Por haber colaborado con la dictadura de Victoriano Huerta, la Revolución lo relegó pese a su papel precursor. Confinado al periodismo, siguó escribiendo en diversos periódicos hasta 1920 y falleció en la Ciudad de México en 1954.

José Ferrel publicó el cuento que les traigo hoy en El Demócrata el 16 de abril de 1893. El autor sitúa la acción en Arroyozarco, si bien no hace casi ninguna referencia a las características del lugar, savo brevemente al río, ni a las razones por las que decidió que la hacienda fuera el escenario de su cuento. Quizá fue sólo una ocurrencia, aunque el título del cuento "Moralitos", alude a un apellido que era frecuente en el municipio de Aculco por esos años. Como sea, no deja de ser una curiosidad digna de sumarse a las verdaderas historias o leyendas tradicionales del viejo Arroyozarco.

 

MORALITOS

I

Si por la hermosura la querían coger, no había quien se le pusiera por delante a Victoria, la muchacha más hermosa de Arroyozarco y uno de los mejores partidos para los jóvenes casaderos. Ya ella lo había comprendido y a más de cuatro que la adoraban, nunca se supo si por su dinero o por su belleza, había dejado con un palmo de narices, porque Victoria era el vivo diablo. Y si alguno de los habitantes de Arroyozarco tuvo en duda la existencia de su majestad caída, al ver a Victoria por fuerza tuvo necesidad de creer en el ángel expulsado del cielo como súbdito pernicioso.
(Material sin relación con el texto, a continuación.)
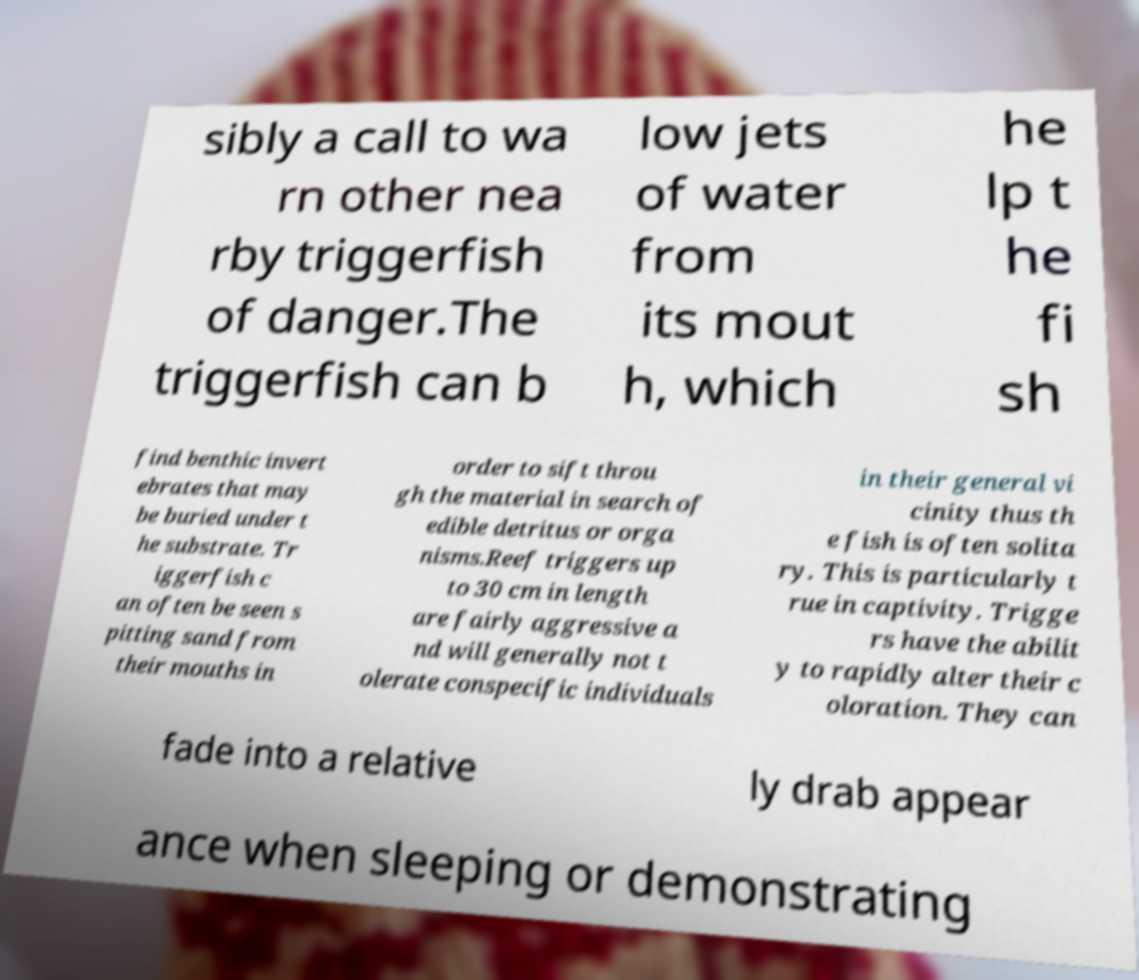What messages or text are displayed in this image? I need them in a readable, typed format. sibly a call to wa rn other nea rby triggerfish of danger.The triggerfish can b low jets of water from its mout h, which he lp t he fi sh find benthic invert ebrates that may be buried under t he substrate. Tr iggerfish c an often be seen s pitting sand from their mouths in order to sift throu gh the material in search of edible detritus or orga nisms.Reef triggers up to 30 cm in length are fairly aggressive a nd will generally not t olerate conspecific individuals in their general vi cinity thus th e fish is often solita ry. This is particularly t rue in captivity. Trigge rs have the abilit y to rapidly alter their c oloration. They can fade into a relative ly drab appear ance when sleeping or demonstrating 
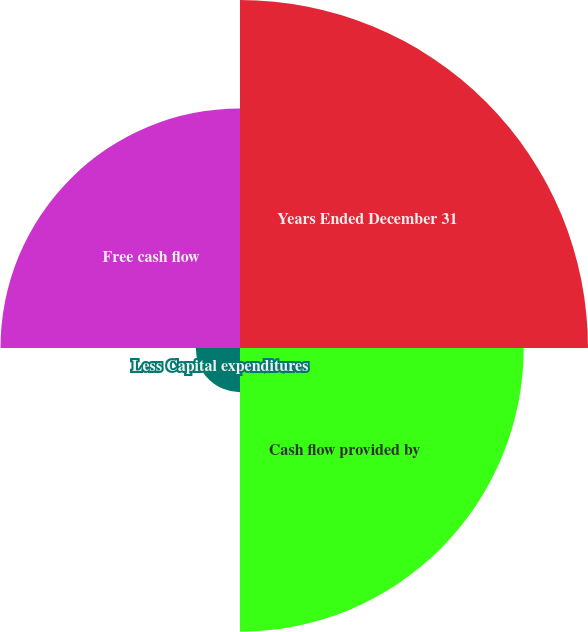Convert chart. <chart><loc_0><loc_0><loc_500><loc_500><pie_chart><fcel>Years Ended December 31<fcel>Cash flow provided by<fcel>Less Capital expenditures<fcel>Free cash flow<nl><fcel>38.01%<fcel>30.99%<fcel>4.83%<fcel>26.16%<nl></chart>

Ni la lengua de los empleados destituidos que suele ser de todas las lenguas la más venenosa y ruin, osó nunca decir una palabra que pudiese lastimar la honra de Victoria. Cosa extraña, por cierto, pues que no han faltado ni fañtan en Arroyozarco ni en ninguna otra parte del globo infelices que quieran manchar con su aliento la reputación que envidian.

Pero a Victoria la estimaban, porque todos decían que era muy buena y que en medio de sus locuras y calaveradas revelaba un corazón de oro, siempre dispuesto al bien y jamás sordo a las voces de los desgraciados, y por eso, y no por otra cosa, era por lo que hasta las muchachas envidiosas se hacían de la vista gorda, cada vez que sabían alguna travesurilla de Victoria, como por ejemplo que se iba a pasear sola con Moralitos por el cascajal que bordaba las márgenes del arroyo, no precisamente a la hora en que el sol no permite secretos, sino cuando ni aún la luna asomaba por el cortinaje negro de la noche su ojo blanco como un plato de porcelana.

II

Pero también hay que convenir que Moralitos era poco menos que un santo, por lo menos para la familia de Victoria.

Los papás de ésta veían en el muchacho facultades, disposiciones y talentos que, además de Victoria y de sus papás, y de los papás del muchacho, nadie había descubierto. Pero tantas bellezas surgen y mueren ignoradas que nadie debe de culpar a los vecinos de Arroyozarco por no haber consziderado a Moralitos en todo su valer.

Y era Moralitos un muchacho más valedor que una peonza; hablaba y se retorcía como imitando una espiral, y a lo mejor tronaba sus dedos sobre la cabeza y se ponía a bailar una jota, no porque supiera bailar, sino porque le habían dicho que la bailaba bien, y porque bailándola creía que jugaba un gran papel la falda rabona de su levita, porque hay que confesarlo, para que nadie se dé por engañado, que Moralitos era el elegante de Arroyozarco; el único que usaba fistol en la corbata y el único que se engrasaba el pelo todos los días. Por eso las muchachas decían, cuando hablaban de él:

-Ah, Moralitos es un joven muy simpático.

-Ah, Moralitos aquí y en cualquier parte se ha de distinguir.

-Ah, Moralitos tiene gracia especial para vestirse.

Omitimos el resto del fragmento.